Swatting is another real-life hazard of streaming. This occurs when a false claim of a deadly situation is reported to law enforcement, resulting in the SWAT team being sent in. When several players of Call of Duty: WWII argued about the death of a character, a threat was made and a false address given, resulting in a SWAT team responding to an old address of one of the gamers, only to kill innocent 28-year-old Andrew Finch on his own front porch.
Another Twitch streamer had SWAT officers come to his home as he livestreamed making tacos because it had been reported he had shot and killed his family. Fortunately, the streamer realized quickly what was happening and surrendered to officers on his livestream, deescalating the crisis before he or his dogs were shot and killed.
Numerous authors have seen the inherent threat (and, sometimes, advantages) associated with social media platforms. In Sydney Leigh’s Instagoner, Instagram influencer Emily Dalle uses her followers to help her solve her nemesis’s hit-and-run murder.
John Sanford’s Masked Prey delves into the world of blogging when U.S. Marshall Lucas Davenport joins forces with the FBI to find out who is posting pictures of U.S. Senators’ children on the dark web. Unfollow Me by Charlotte Duckworth follows a YouTube mommy vlogger who disappears, leaving her husband and viewers to follow her trail through a web of lies and deception.
Shadow Play highlights just one example of how a livestream used for good can be hijacked by a bad actor. Twitch’s platform is primarily used for gaming, but it has expanded to include esports, the creative arts, music, and discussion.
Krista Evans is not a gamer, as opposed to her best friend, Hailey Swanson. Krista is a physiotherapist by trade, but loves to chat with her clients, offering life advice that often strikes the right note. Hailey convinces Krista she could use her skills to help a larger community on Twitch, and the livestreaming channel A Word from the Wise is born.
Hailey is the tech brains, while Krista is the communicator, and, before long, they have built a positive, helpful community. They stream twice a week, not only offering advice themselves, but the community also lends a hand, lifting each other up, and offering different world views and experiences.
It’s the hive mind at its best. Until Chase547 enters the chat and highjacks the channel they love.
Shadow Play highlights just one example of how a livestream used for good can be hijacked by a bad actor.Twitch provides multiple ways for content creators to protect themselves on the platform—timeouts, emote-only chats, slow-mode chat, verified accounts only, paid subscribers only, Shield Mode to allow for increased Twitch security, and even the nuclear option, banning. These are real tools content creators have at their disposal care of the Twitch Safety Center, created to protect viewers, streamers, and channels.

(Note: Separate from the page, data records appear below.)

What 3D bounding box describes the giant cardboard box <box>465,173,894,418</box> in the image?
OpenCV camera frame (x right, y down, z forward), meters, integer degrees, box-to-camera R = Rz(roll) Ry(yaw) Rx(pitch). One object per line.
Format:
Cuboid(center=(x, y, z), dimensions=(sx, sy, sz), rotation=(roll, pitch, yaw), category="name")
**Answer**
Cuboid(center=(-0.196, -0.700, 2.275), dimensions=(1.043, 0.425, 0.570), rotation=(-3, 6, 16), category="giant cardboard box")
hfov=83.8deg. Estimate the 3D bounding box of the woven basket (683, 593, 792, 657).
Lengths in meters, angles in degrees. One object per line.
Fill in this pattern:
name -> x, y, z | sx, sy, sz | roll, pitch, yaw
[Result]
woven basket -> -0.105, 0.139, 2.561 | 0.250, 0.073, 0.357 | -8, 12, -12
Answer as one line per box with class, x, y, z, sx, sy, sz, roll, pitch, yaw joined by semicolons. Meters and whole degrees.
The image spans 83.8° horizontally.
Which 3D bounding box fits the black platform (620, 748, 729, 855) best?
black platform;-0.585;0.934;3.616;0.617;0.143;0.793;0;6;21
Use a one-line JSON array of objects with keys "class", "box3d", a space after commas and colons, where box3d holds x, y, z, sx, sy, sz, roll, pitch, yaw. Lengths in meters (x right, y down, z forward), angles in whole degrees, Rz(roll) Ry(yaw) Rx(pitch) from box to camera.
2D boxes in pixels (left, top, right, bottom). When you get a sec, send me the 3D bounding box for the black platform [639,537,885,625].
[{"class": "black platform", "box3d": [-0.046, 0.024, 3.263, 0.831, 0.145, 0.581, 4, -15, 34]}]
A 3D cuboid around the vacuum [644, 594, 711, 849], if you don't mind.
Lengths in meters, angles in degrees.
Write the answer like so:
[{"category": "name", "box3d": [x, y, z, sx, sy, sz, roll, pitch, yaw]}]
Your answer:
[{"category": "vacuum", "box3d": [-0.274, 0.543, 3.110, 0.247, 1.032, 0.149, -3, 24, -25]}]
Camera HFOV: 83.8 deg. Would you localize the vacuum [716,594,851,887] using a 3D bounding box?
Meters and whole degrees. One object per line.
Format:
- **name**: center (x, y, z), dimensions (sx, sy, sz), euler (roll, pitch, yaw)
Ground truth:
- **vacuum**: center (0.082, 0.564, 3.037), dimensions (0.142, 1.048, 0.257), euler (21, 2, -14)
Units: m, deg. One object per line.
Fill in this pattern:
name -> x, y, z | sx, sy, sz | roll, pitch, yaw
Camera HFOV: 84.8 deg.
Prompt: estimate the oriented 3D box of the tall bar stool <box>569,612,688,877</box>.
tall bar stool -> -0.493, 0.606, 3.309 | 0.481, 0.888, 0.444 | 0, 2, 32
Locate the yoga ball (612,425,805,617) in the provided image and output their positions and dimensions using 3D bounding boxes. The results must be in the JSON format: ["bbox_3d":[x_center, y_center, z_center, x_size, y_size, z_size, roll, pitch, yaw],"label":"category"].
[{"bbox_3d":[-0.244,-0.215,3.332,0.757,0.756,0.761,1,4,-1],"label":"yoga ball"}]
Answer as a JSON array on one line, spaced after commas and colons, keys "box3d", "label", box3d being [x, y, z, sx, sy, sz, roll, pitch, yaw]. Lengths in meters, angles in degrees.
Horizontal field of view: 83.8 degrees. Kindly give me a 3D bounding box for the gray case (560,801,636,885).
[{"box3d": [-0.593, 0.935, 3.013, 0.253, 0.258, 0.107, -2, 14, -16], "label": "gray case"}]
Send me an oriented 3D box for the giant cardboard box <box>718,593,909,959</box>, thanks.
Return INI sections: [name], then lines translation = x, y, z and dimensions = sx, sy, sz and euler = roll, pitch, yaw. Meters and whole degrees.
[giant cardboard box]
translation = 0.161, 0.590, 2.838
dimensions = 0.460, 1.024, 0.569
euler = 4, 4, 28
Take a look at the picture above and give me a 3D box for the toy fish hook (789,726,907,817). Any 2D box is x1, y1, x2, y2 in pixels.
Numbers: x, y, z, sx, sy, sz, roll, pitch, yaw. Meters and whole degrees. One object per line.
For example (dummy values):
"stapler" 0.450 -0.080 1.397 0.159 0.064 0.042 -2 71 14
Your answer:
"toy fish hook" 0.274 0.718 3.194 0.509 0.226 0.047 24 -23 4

But what do you do when each escalating level of safety is circumvented? This is where Krista and Hailey find themselves as Chase547 comes to them for advice with a woman he admires, but then becomes infuriated when they stand for her when she’s not interested in his advances. When their interaction with Chase547 hits much closer to home, closer to reality than a virtual interaction, it truly feels like the call is coming from inside the house.
Social media can be either a blessing or a curse—it can be the connection that sustains the lonely, or can provide the means for a stalker to find and follow his prey. It enough to make one wonder with each log on—what will today’s interaction bring?